Report all lines in the records that hold the string "guess".

═════ Source data

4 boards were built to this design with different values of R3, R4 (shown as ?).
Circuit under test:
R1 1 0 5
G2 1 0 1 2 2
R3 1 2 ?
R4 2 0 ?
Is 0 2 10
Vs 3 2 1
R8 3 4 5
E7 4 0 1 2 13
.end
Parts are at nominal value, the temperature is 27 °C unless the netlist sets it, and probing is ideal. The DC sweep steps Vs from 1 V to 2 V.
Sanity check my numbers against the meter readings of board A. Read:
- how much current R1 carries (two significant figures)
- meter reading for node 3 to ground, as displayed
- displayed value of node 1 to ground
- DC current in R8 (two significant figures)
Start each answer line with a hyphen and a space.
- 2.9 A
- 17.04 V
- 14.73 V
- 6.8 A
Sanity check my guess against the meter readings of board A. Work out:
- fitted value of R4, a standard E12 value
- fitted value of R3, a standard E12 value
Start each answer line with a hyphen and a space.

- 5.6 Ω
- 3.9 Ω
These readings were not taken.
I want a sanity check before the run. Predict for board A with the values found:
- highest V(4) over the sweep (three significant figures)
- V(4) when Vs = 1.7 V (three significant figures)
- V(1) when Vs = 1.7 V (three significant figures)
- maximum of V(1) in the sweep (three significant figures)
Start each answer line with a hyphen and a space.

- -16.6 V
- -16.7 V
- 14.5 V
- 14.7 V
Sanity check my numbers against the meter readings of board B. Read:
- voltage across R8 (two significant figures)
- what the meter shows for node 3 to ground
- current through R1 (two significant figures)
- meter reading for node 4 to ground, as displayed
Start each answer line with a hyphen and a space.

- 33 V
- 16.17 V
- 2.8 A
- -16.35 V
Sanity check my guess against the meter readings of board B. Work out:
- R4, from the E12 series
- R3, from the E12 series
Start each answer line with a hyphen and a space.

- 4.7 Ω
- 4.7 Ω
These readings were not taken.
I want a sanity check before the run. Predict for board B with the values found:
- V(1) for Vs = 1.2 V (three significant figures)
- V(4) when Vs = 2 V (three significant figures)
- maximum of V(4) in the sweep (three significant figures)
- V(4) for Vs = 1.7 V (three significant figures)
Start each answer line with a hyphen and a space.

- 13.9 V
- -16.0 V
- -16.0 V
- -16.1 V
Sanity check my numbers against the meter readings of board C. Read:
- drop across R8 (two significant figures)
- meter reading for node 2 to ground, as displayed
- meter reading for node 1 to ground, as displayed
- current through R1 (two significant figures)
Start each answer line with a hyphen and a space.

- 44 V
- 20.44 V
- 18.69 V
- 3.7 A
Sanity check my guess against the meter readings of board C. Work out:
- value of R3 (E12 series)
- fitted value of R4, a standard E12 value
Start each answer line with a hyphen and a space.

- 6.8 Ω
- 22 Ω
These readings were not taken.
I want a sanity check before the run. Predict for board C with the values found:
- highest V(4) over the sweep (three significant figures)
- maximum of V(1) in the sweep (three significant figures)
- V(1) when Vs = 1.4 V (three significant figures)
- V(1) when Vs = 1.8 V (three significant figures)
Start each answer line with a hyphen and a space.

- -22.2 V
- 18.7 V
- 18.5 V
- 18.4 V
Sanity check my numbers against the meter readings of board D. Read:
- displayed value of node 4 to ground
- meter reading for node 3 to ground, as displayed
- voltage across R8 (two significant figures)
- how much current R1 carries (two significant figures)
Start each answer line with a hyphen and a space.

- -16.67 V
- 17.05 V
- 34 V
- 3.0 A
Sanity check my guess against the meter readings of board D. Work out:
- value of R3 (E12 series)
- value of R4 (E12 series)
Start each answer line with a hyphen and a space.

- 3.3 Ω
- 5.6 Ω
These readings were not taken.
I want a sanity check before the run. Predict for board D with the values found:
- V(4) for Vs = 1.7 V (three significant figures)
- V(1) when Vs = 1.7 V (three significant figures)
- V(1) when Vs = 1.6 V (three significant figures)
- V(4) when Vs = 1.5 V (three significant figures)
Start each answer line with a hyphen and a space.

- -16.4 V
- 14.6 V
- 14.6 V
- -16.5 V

══════════

Problem solution
Sanity check my guess against the meter readings of board A. Work out:
Sanity check my guess against the meter readings of board B. Work out:
Sanity check my guess against the meter readings of board C. Work out:
Sanity check my guess against the meter readings of board D. Work out:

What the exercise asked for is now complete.